HMRC owed billions in outstanding VAT

According to recent figures, the amount of VAT owed to HM Revenue & Customs (HMRC) by UK businesses reached a five-year high this year, adding up to £3 billion. This is a 22 per cent increase for the year to March 2018 and a significant rise on the £2.55 billion recorded for the 2013/14 tax year.

Over the same five-year period, outstanding corporation tax has increased year-on-year from a low of £1.52 billion to almost £2 billion in the last tax year for which figures are available.

According to the research, the main reason for the VAT outstanding to HMRC being so high is that small businesses are being paid very late by larger concerns, leaving them with no cash flow to pay their VAT bill.

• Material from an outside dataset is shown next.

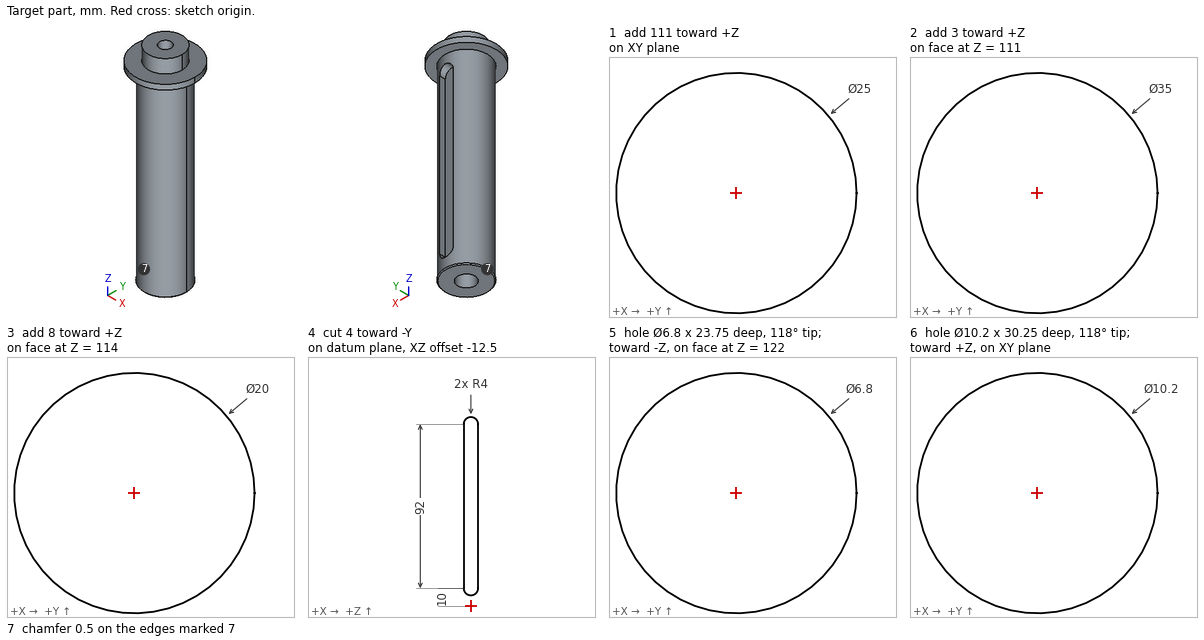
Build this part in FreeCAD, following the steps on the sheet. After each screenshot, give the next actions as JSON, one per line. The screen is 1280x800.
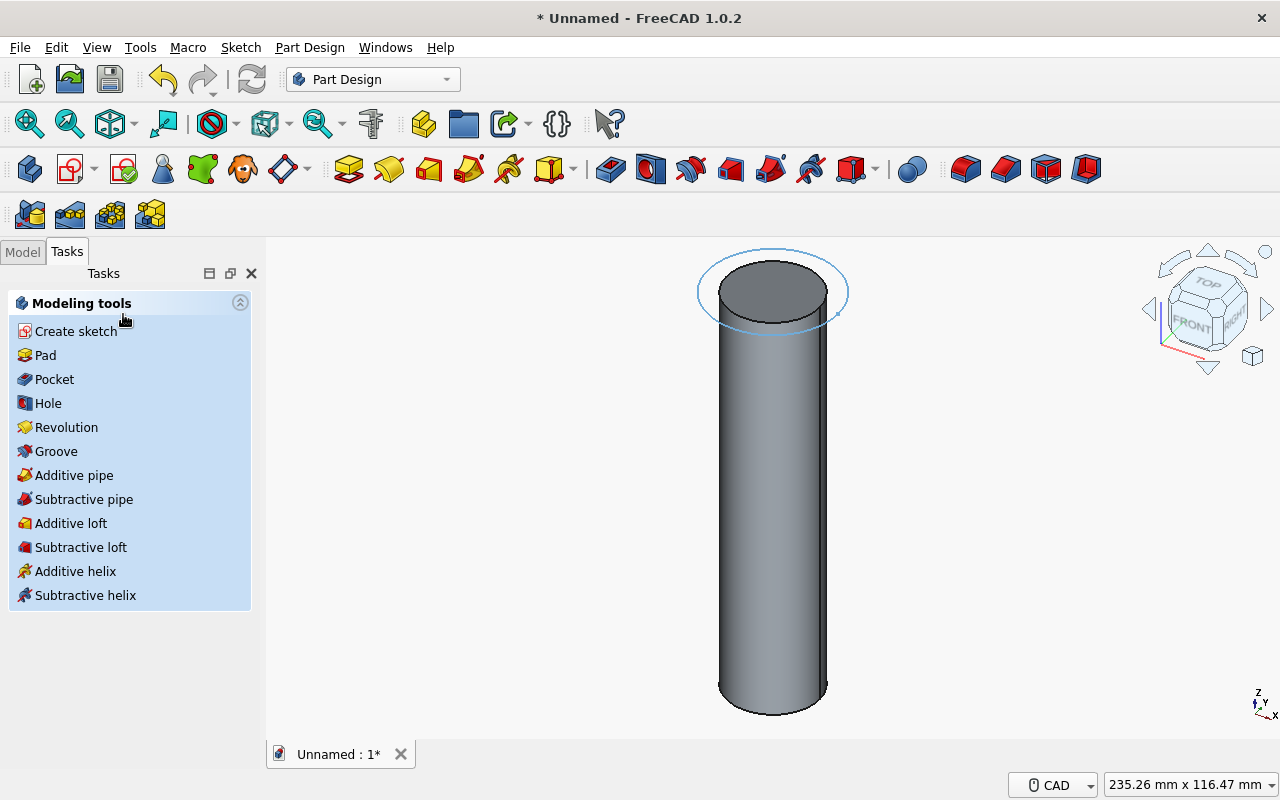
{"action": "left_click", "coordinate": [350, 170]}

In fact, in March this year, the Federation of Small Businesses (FSB) found that a staggering 84 per cent of small firms reported being paid late and this attributed the closure of around 50,000 small businesses.

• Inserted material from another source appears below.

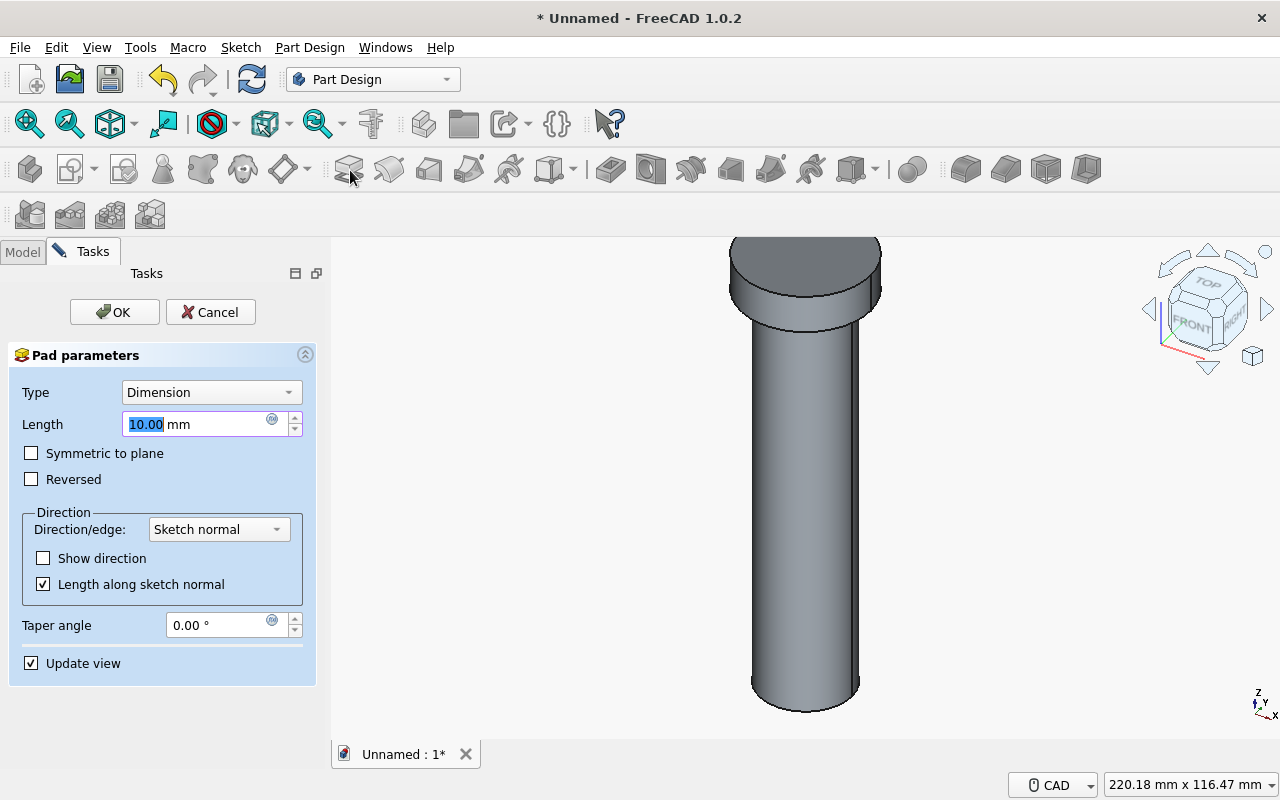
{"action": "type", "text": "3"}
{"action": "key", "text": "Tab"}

To counteract this, the Government launched the Small Business Commissioner (SBC) in December last year in a bid to help with late payment and unfavourable payment practices.

However, according to a spokesperson for HMRC, the Revenue believes that the main reason for the increase of the value of the VAT bill is because of “an upward growth of businesses registering” for the tax.

The spokesperson added that HMRC’s Cash Accounting Scheme could make it easier for firms to pay the tax, as it allows businesses with a VAT-exclusive turnover of up to £1.35 million to account for VAT when it is actually received from customers, rather than on the basis of invoices issued.

Julian Borley, Director of VAT at Milsted Langdon, said: “These latest figures suggest that the number of businesses failing to pay their VAT bills is on the rise.

“This is problematic and businesses that are behind need to try and rectify the problem. It is important to seek specialist advice if you need help.”